Florida's delegates mostly will be picked by local and state Republican Party leaders in April, and under state party rules those delegates are bound to support the Florida primary winner for at least three rounds of balloting.
'A high bar' to change the rules
How much leeway there might be for altering those rules is a matter of debate.
"Depending on how many delegates end up there and how they're aligned it's going to be tough to come up with a consensus to alter those rules. That's a high bar," said Josh Putnam, political science lecturer at the University of Georgia, who closely monitors the primary nomination process on his Frontloading HQ blog.
He sees Trump as likely to lock up the nomination by the end of April anyway.
"If things continue on the course they are, it's hard to see how he doesn't," said Putnam.
Even if it means tearing party apart
But many Republicans argue that stopping Trump has to be the No. 1 priority, even if it means tearing the GOP asunder.
"I will fight Donald Trump and what he stands for to the convention, beyond the convention to November and beyond that, should he be elected until he and his so-called movement — which is based on anger, envy and ignorance — is cast into outer darkness," said veteran Republican strategist J.M. "Mac" Stipanovich, who said a contested convention would be worth it to stop Trump.
"It may (tear) the party in two, but if that's what's required, so be it. His entire campaign has been one long dog whistle to bigots of various varieties," Stipanovich said.
'They're going to deny him?'
Adam Goodman, a Republican media consultant in Tampa, warns that "the party would never recover from a convention where the front-runner was denied the nomination — especially when the base of that front-runner is so passionate and committed."
"And the question is how close is close enough?" he said. "It takes 1,237 delegates, but what if Trump is at 1,000 — 237 short. They're going to deny him? When he's clearly the front-runner, they're going to gang up and deny him?"
'A totally new paradigm'
Most years, talk of a contested or brokered convention amounts to little more than far-fetched musing by pundits and political junkies. This year's presidential race, however, has already proved that nothing is too far-fetched.

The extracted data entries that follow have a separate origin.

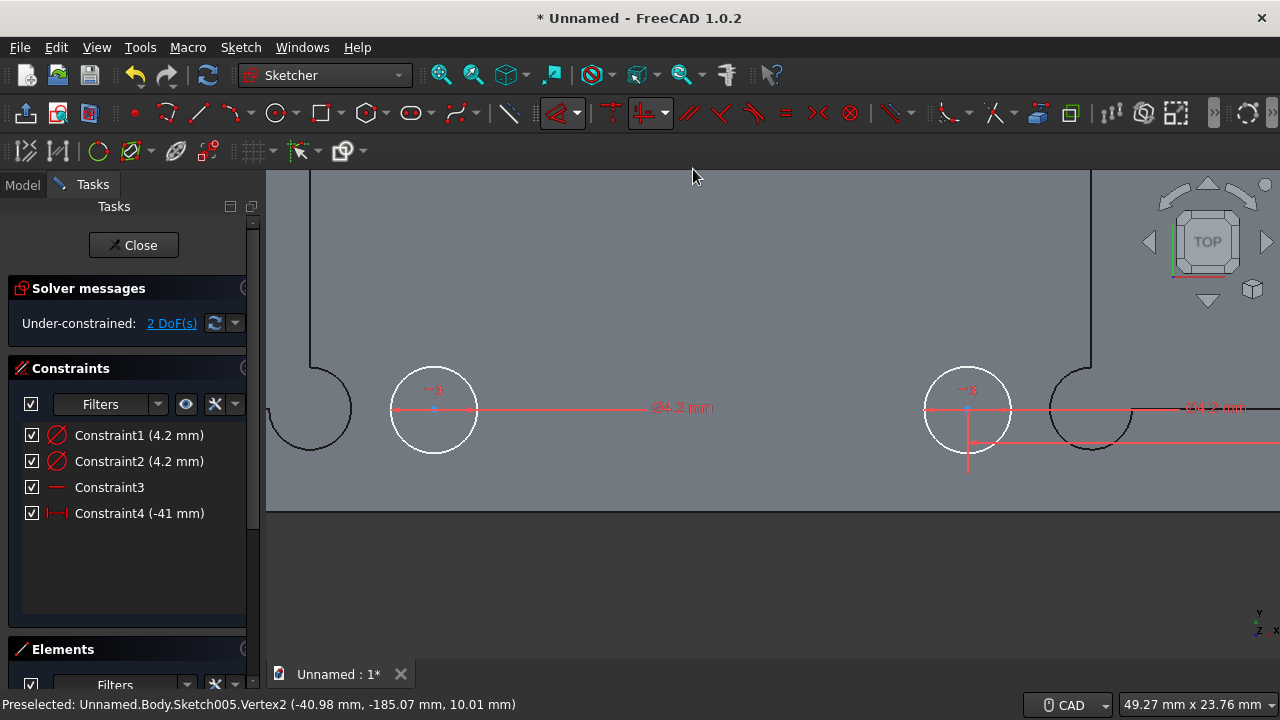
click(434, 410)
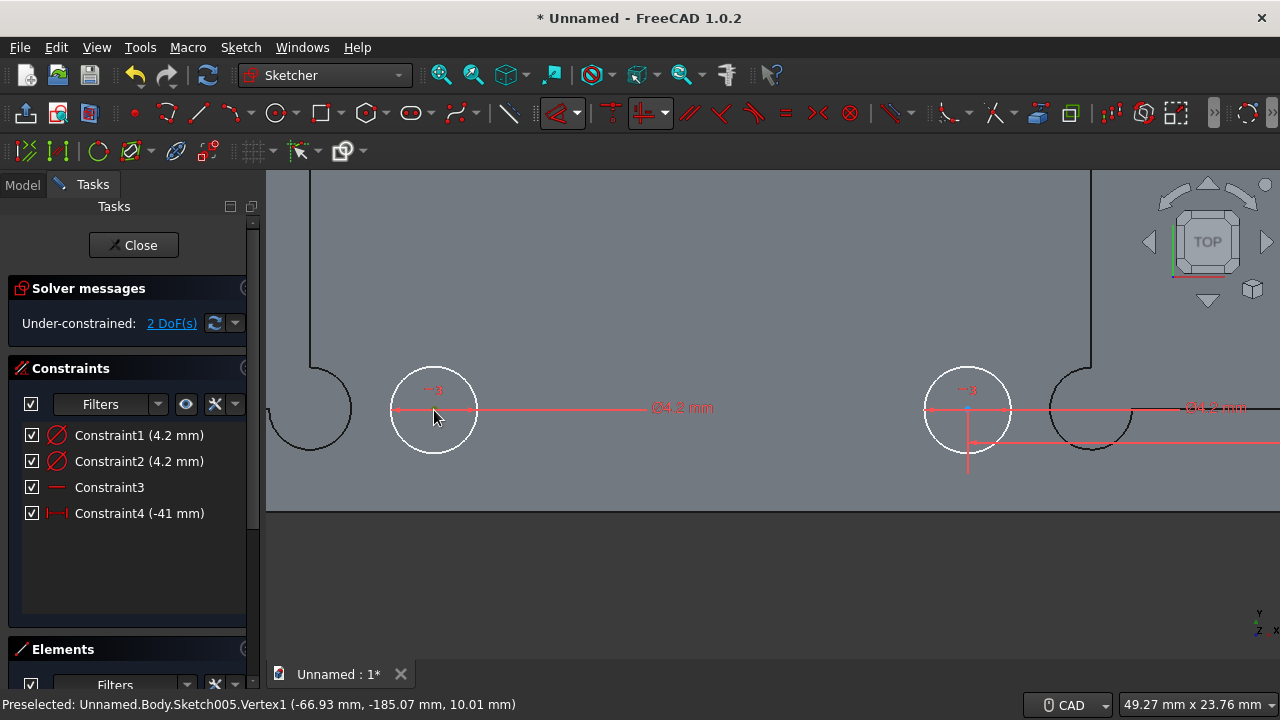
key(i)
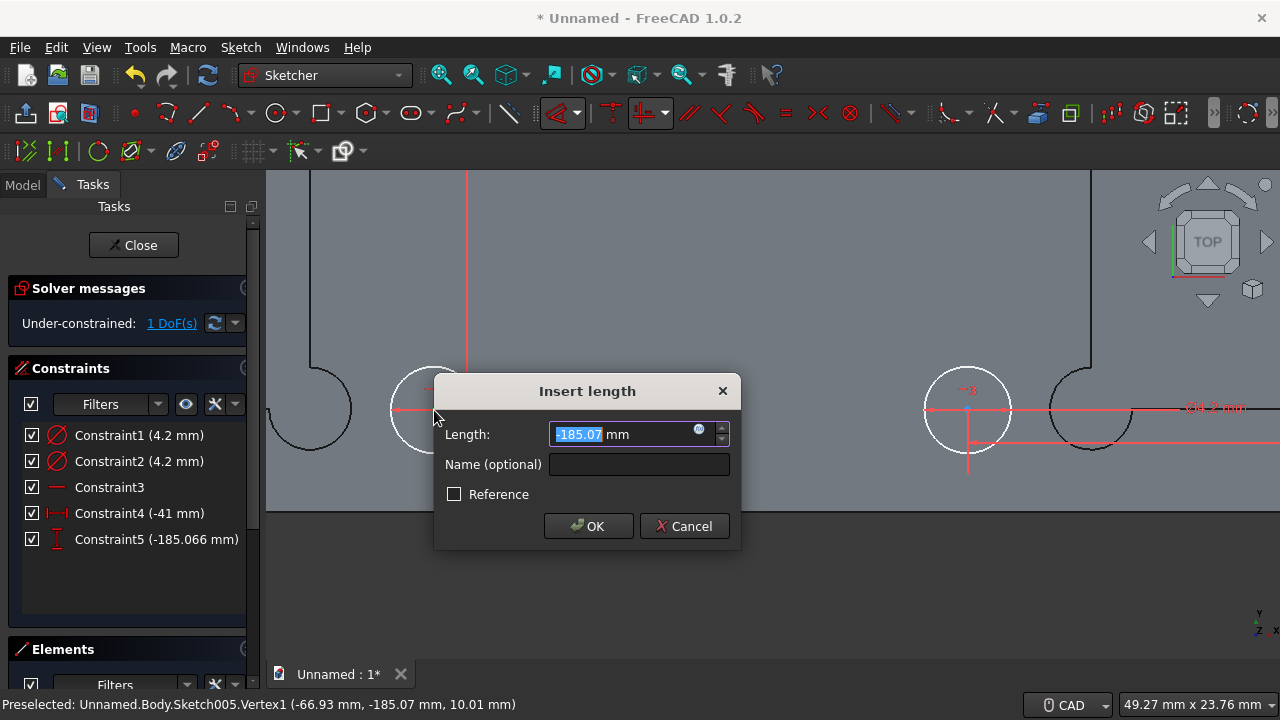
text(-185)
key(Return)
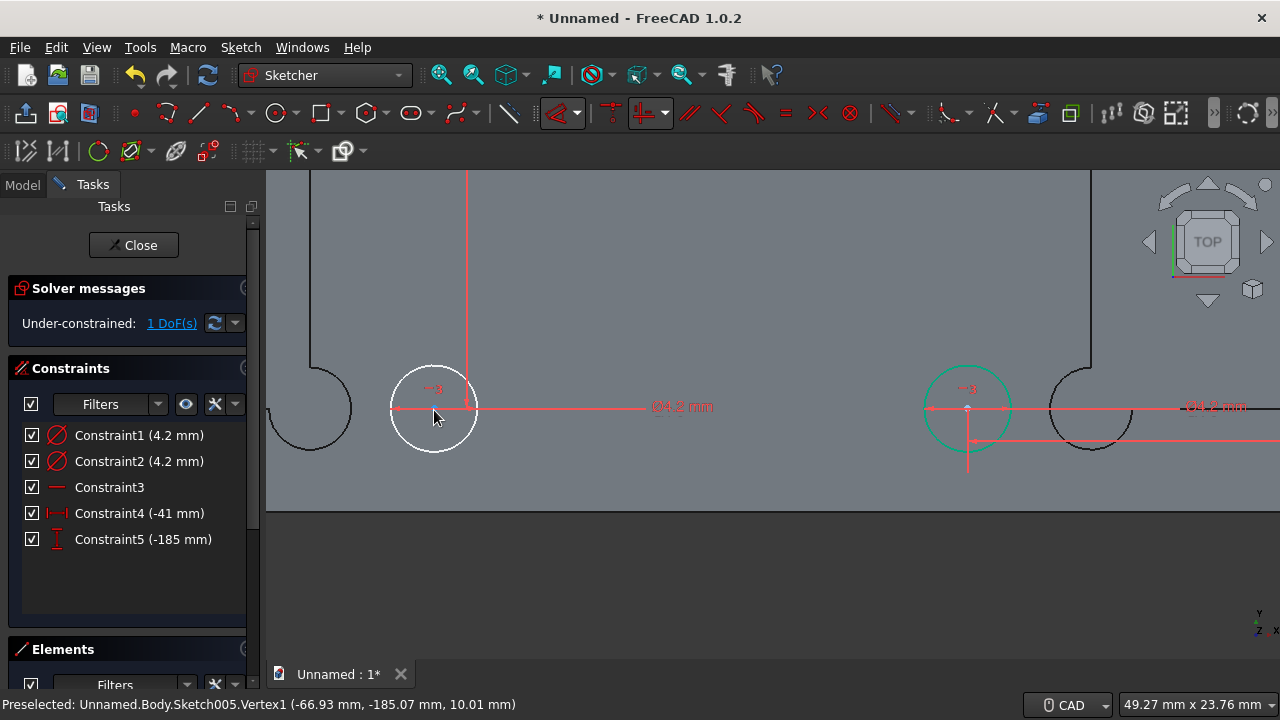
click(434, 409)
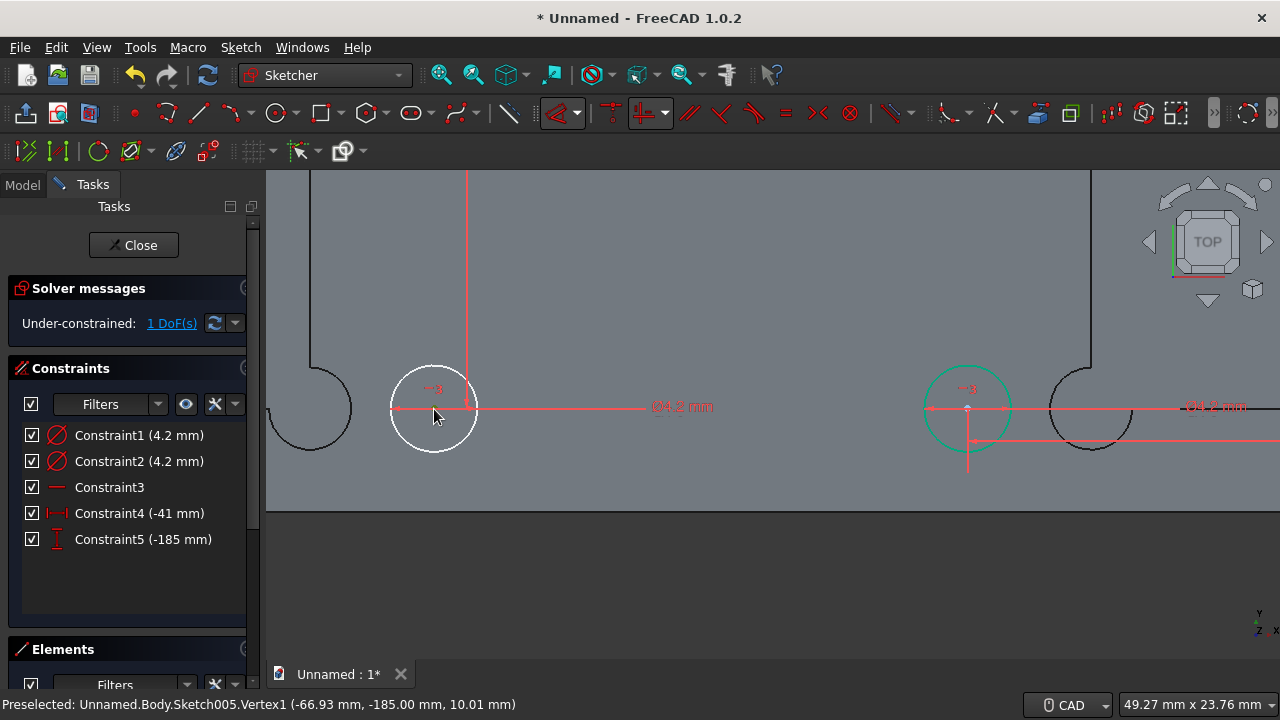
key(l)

Former Florida House Majority Leader Adam Hasner of Palm Beach County, a co-chairman of Rubio's Florida campaign, said Rubio will win here. He dismissed talk that Rubio would have to drop out if he lost. He also declined to rule out a contested convention.
"Anybody who says, 'Well this is what happened in the past,' throw all that out because there are no ground rules for this, there is no precedent for this," Hasner said. "We're in a totally new paradigm."